Monday, 2 July 2012

Platform lets Army send orders via smartphone

The Army has created a means to send mission-specific applications and data to soldiers’ mobile devices, via a “tactical marketplace” built to resemble the functionality of Apple’s App Store or the Android Market.

The critical difference is the platform, called Tacmark, also lets a designated commander or leader send applications to the devices of his subordinates, said Steven P. Mazza, of Handheld/Tactical Technology branch of the Communications-Electronics Research, Development and Engineering Center’s Command, Power & Integration directorate.

“If you’re walking around here at Aberdeen [Proving Ground, Md.] or the Pentagon and you have a commercial tablet or smartphone, you can reach into Army’s enterprise marketplace, browse around and pick and choose what you want,” Mazza said. “But it doesn’t work that way when lives are on the line. When lives are on the line, people are issued things.”

Tacmark is built in-house at CERDEC. Its creators say it is complementary to the Army Software Marketplace launched in March, which today contains mostly commercial applications.

As with a commercial app store, Tacmark allows users to browse and post feedback — but it also allows applications to be pushed out to soldiers from above them in the chain of command.

“There are things you can pick for your device and things you need for your device,” said Johnathan Gilday, lead engineer on the project.

A squad leader, for instance, would log into a Tacmark client on a desktop or laptop computer to assemble a “mission pack” using a soldier-friendly user interface, adding and subtracting components as necessary.

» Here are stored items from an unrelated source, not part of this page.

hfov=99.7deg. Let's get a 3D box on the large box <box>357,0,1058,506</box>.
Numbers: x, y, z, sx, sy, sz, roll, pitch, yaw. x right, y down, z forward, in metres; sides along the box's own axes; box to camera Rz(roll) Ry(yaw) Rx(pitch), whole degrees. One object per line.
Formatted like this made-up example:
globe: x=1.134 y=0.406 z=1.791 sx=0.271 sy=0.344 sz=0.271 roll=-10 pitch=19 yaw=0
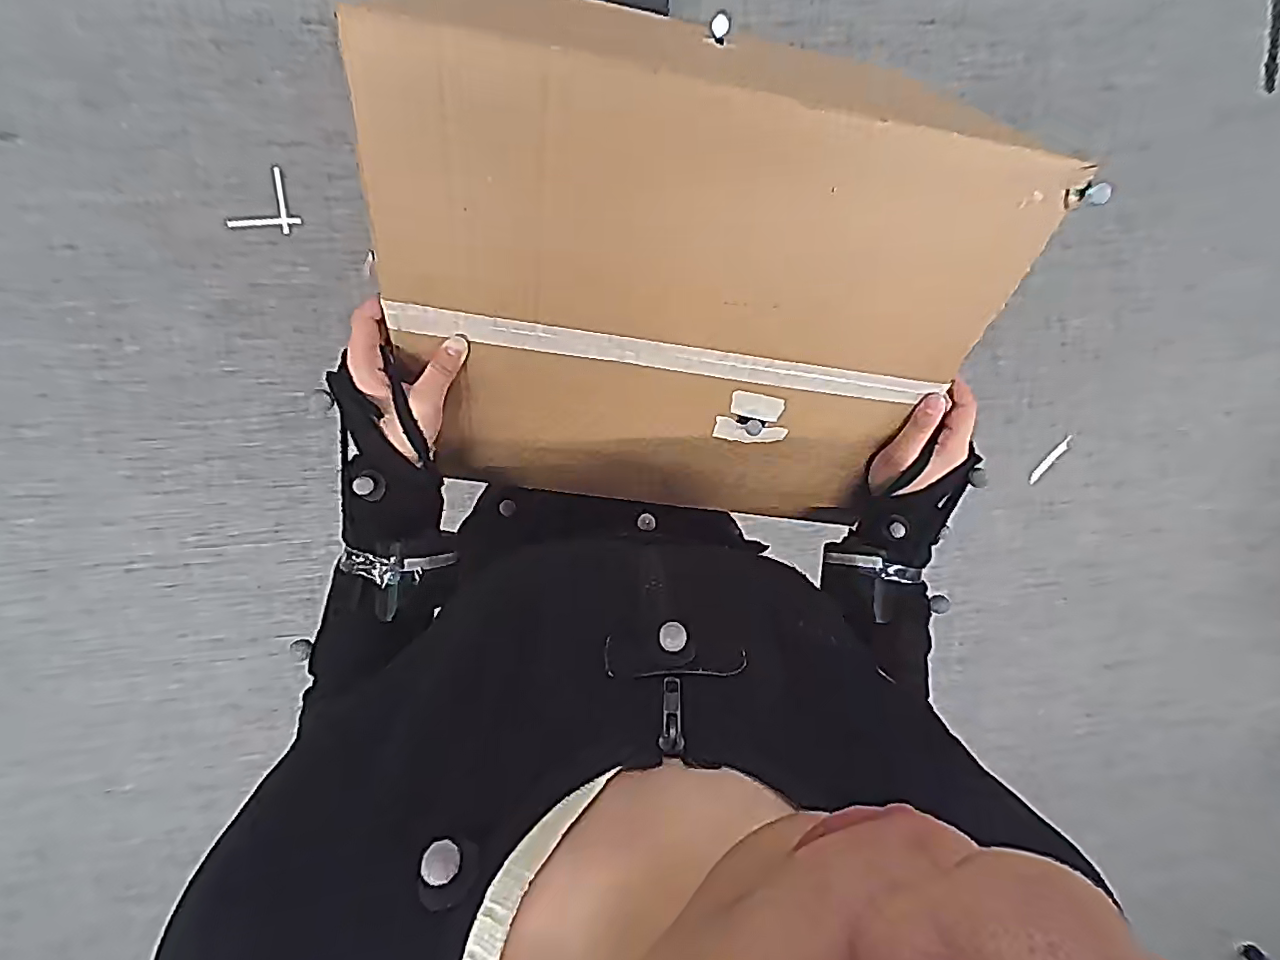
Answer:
large box: x=0.025 y=-0.204 z=0.503 sx=0.408 sy=0.320 sz=0.320 roll=6 pitch=136 yaw=-7
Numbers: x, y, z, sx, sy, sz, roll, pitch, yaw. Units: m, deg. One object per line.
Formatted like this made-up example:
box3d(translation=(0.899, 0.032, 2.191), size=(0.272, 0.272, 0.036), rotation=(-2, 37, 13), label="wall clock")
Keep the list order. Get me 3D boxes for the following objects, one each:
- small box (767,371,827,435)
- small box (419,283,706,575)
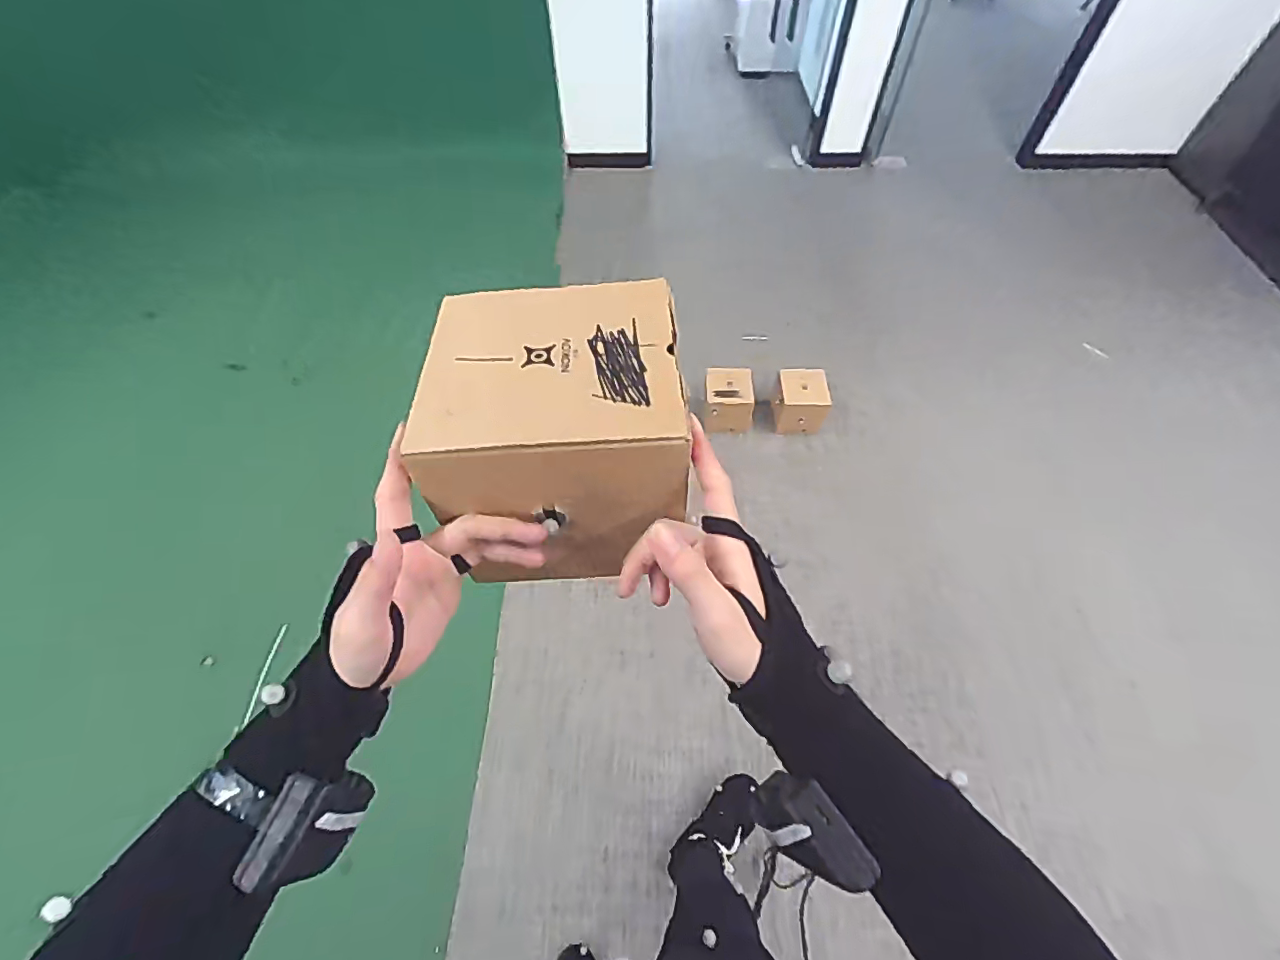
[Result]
box3d(translation=(0.577, -0.283, 2.004), size=(0.168, 0.176, 0.179), rotation=(1, 56, 0), label="small box")
box3d(translation=(-0.048, -0.035, 0.436), size=(0.179, 0.176, 0.168), rotation=(-3, 52, 0), label="small box")

The program, like a social network, allows the leader to identify subordinates on his team who would receive the mission pack. Subordinates can be assigned to teams, and assigned roles within those teams.

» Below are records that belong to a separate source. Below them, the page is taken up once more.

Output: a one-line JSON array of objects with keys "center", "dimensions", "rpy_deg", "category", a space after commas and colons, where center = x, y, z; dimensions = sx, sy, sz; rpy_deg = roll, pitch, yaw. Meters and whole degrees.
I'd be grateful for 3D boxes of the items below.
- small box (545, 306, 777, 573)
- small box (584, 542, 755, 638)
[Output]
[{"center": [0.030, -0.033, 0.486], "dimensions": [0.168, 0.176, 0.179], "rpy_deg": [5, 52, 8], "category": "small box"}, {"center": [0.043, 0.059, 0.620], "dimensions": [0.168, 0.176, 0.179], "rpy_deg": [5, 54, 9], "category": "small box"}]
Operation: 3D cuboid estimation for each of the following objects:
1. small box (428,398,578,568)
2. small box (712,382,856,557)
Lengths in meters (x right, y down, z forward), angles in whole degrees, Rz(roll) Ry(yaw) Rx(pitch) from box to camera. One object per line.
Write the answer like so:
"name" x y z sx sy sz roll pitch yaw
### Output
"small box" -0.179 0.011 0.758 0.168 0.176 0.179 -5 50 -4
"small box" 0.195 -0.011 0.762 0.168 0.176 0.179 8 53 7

Tacmark has the ability to distribute commercial applications like those found on iTunes, proprietary government apps, image files and document files.

The policy on what exactly will be distributed still rests with the Army’s Office of the Chief Information Officer/G-6.

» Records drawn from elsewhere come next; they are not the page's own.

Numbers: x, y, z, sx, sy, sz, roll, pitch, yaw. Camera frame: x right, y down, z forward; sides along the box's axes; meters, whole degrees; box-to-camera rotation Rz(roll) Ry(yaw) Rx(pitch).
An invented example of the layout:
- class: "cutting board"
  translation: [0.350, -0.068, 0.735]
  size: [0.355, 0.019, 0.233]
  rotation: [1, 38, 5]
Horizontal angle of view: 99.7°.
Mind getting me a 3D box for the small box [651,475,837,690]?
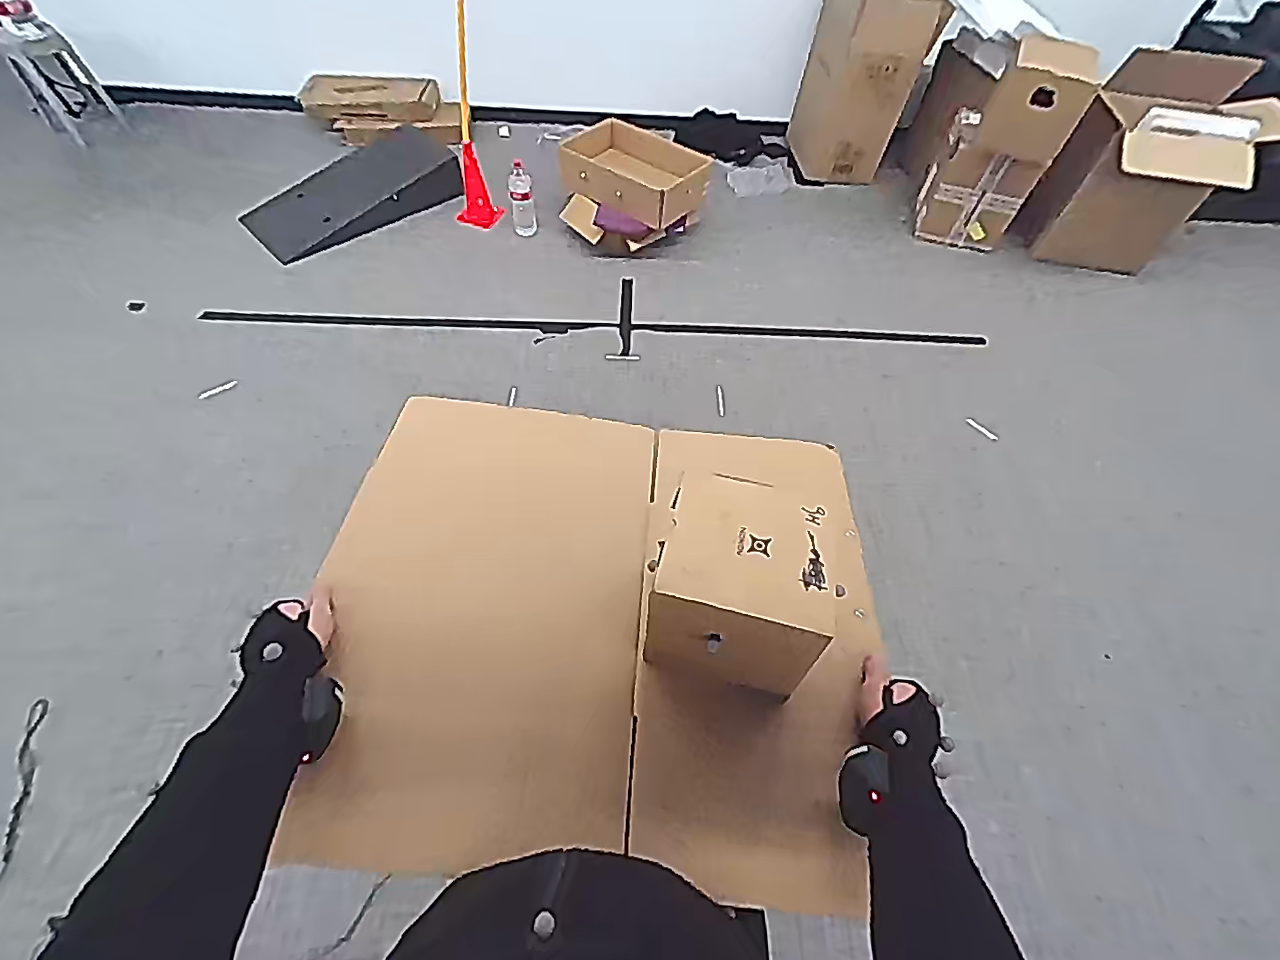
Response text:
- class: "small box"
  translation: [0.114, 0.122, 0.626]
  size: [0.179, 0.176, 0.168]
  rotation: [12, 51, 8]
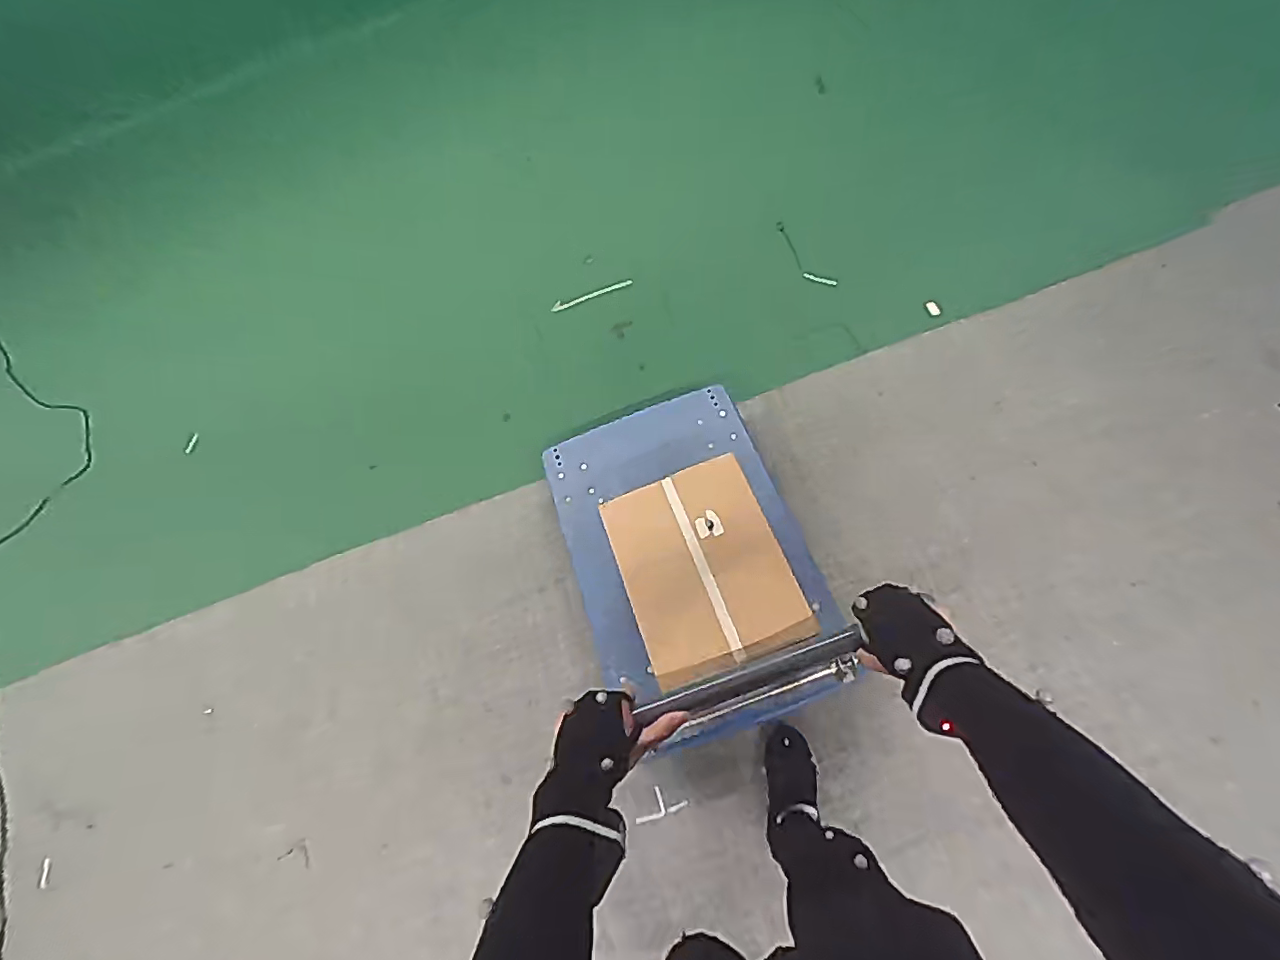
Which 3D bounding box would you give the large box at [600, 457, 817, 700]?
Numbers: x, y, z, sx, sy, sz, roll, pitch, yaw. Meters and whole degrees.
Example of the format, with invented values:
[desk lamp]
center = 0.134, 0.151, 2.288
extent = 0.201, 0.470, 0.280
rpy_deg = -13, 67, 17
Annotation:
[large box]
center = 0.148, 0.231, 1.205
extent = 0.320, 0.320, 0.408
rpy_deg = -21, 63, 0

Also, just how these devices and the network will be fielded and secured are still open questions. However, the Tacmark will work regardless, Mazza said.

“The real win is that regardless of the transport, regardless of the device and the data, we have a framework that is very orthogonal on all those fronts,” Mazza said. “We can accommodate not just the Army’s needs now but a decade from now, when soldiers are carrying devices you won’t recognize.”

Tacmark’s creators told Army Times the technology is being considered to become part of either the Army’s Nett Warrior mobile computing platform, or one of the programs under Project Manager — Mission Command. The latter oversees a number of situational awareness and battle command systems.

CERDEC tested Tacmark last summer at Fort Dix, N.J., during a network modernization exercise, and it demonstrated the ability to provision Android devices with Android apps over Army cellular networks, Gilday said.

In the demonstration, a mission pack was assembled on a laptop and pushed to users carrying commercial devices, using a few Wi-Fi hubs and a Humvee carrying a portable cell tower developed by the Army.

“We exercised Tacmark, told people to go into the woods, and we exercised this over a couple of different network layers,” Mazza said. “We continued to ride over the top of this in a comms-agnostic matter, and it was a huge success.”

Tacmark is expected to undergo further user tests at an upcoming Network Integration Evaluation still to be determined. The NIE is the service’s semiannual process for rapidly fielding technology.

CERDEC is still refining how the system will work at the “tactical edge,” where bandwidth and network access are limited. “That remains one of the biggest hurdles, to continue to do it better and better,” Mazza said.

Its creators admit the software is not so much a cutting-edge program as it is a means to bring the Army in line with other commercially available applications. Building a mission pack will feel very familiar for a soldier, like filling an online shopping cart, they say.

“We had to look at industry best practices and survey what the industry leaders are doing, like Amazon, and they don’t let their secrets out easily,” Mazza said. “It was a lot of reverse-engineering.”

The point is not to reinvent the wheel but to mimic the look, feel and functionality of other programs that a young soldier might be used to using out of uniform.

“It works like most smartphone apps work; you get it right away,” Mazza said. “They’re purpose-built, and the marketplace looks like a marketplace.”